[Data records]
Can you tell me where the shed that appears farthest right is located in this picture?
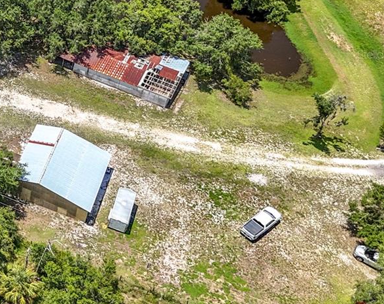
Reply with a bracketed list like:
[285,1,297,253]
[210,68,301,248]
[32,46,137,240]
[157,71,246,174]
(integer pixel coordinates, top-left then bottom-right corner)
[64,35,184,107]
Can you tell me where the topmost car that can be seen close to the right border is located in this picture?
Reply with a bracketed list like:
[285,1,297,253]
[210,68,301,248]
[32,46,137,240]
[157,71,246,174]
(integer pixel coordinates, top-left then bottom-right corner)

PROBLEM REQUIREMENTS —
An exact copy of every entry, without pictures, should be your output.

WRITTEN REPLY —
Can you tell me where the shed that appears farthest right is located in this picture?
Reply with a bracketed list like:
[285,1,297,253]
[210,68,301,248]
[32,46,137,240]
[157,71,246,174]
(integer pixel coordinates, top-left then bottom-right corner)
[64,35,184,107]
Can you tell me where the topmost car that can be seen close to the right border is located in this picture?
Reply with a bracketed list like:
[285,1,297,253]
[210,68,301,248]
[32,46,137,240]
[157,71,246,174]
(integer pixel coordinates, top-left then bottom-right corner)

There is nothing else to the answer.